Hay aspectos de este nuevo constitucionalismo latinoamericano que resultan
extraños a la doctrina clásica del derecho constitucional. Es difícil encontrar entre las
ciencias sociales un ámbito científico que haya avanzado menos en los últimos siglos que
el derecho constitucional. Las dinámicas conservadoras de la disciplina favorecen las
desconfianzas sobre posiciones innovadoras, inventos, y las nuevas constituciones
latinoamericanas si hacen algo es inventar. Diferenciar más de los tres poderes clásicos,
crear nuevas formas de participación, incluir elementos
mixtos de control de la
constitucionalidad, regular los bancos centrales, etc ., produce aún algunos rechazos en
las aulas y la doctrina. Puede que erradamente o no –otro objeto de discusión es sobre
si es legítimo o no un derecho a errar-, pero desde luego el nuevo constitucionalismo
latinoamericano cuenta con un componente de originalidad que, para encontrarlo en los
experimentos constituyentes comparados, tendríamos que escarbar muy atrás.
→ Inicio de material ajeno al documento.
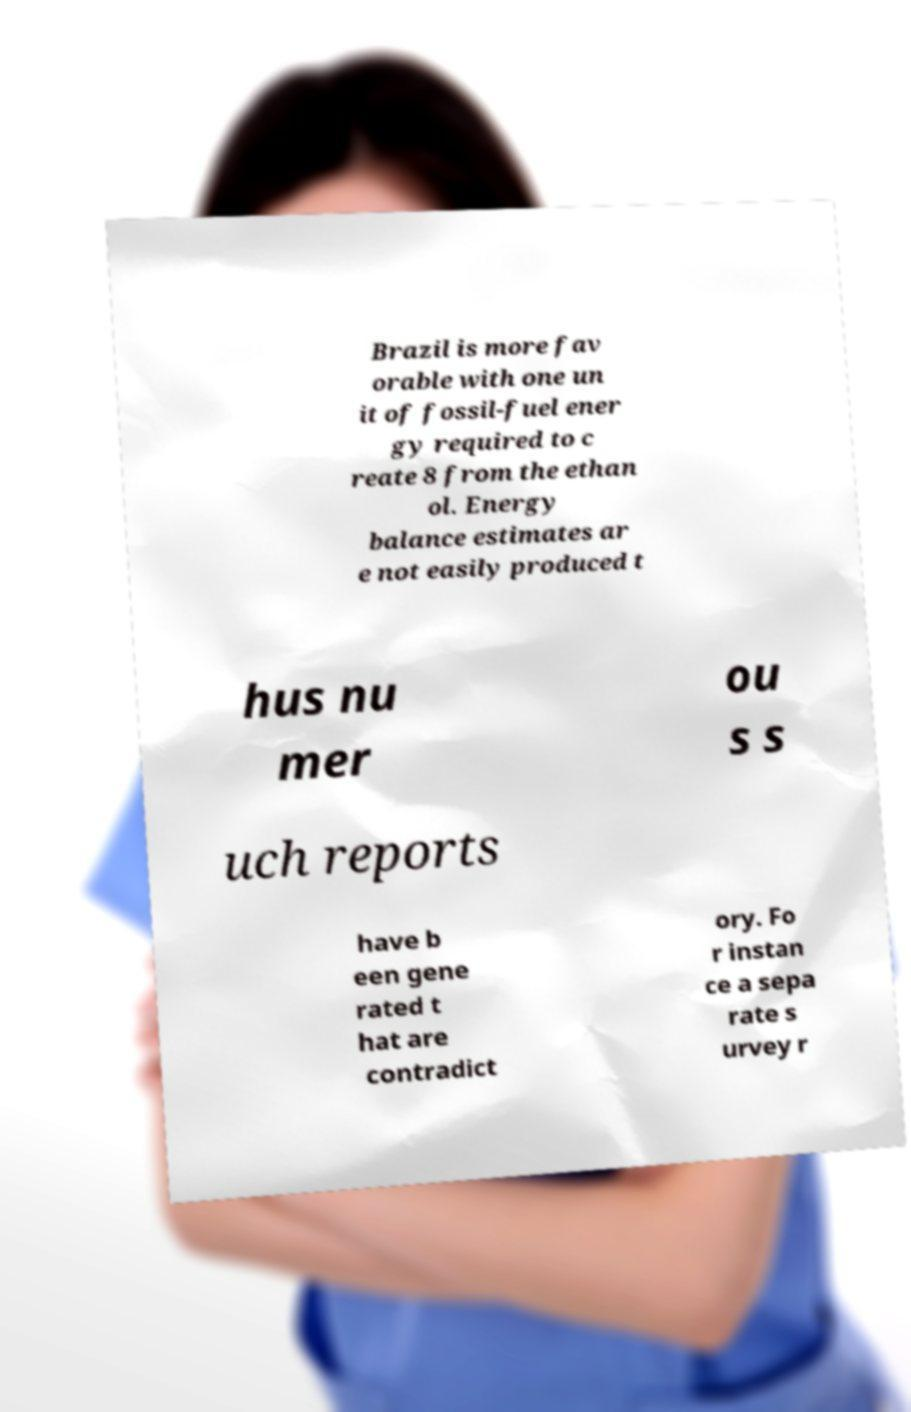What messages or text are displayed in this image? I need them in a readable, typed format. Brazil is more fav orable with one un it of fossil-fuel ener gy required to c reate 8 from the ethan ol. Energy balance estimates ar e not easily produced t hus nu mer ou s s uch reports have b een gene rated t hat are contradict ory. Fo r instan ce a sepa rate s urvey r

En resumen, la dinámica de la historia ha inaugurado un momento constituyente
que puede ser decisivo en la evolución del Derecho constitucional, disciplina poco proclive
a los imprevistos y a los sobresaltos. Esta sucesión constituyente se fundamenta en la
necesidad de institucionalizar las demandas sociales de cambio a través de alteraciones
estratégicas en esa codificación de valores y objetos sociales que son las constituciones.
Y las condiciones sociales que enmarcan los cambios políticos se dan, en estos
momentos, en América latina. Por esta razón,
debemos estar atentos a un posible
cambio de paradigma en el Derecho constitucional que puede intensificar las diferencias
entre un viejo y un nuevo constitucionalismo. A partir de ese momento cabrá valorar si la
necesidad constitucional se mantiene en América latina o se trata de un paso definitivo
hacia un triunfo mundial de un nuevo concepto de Constitución.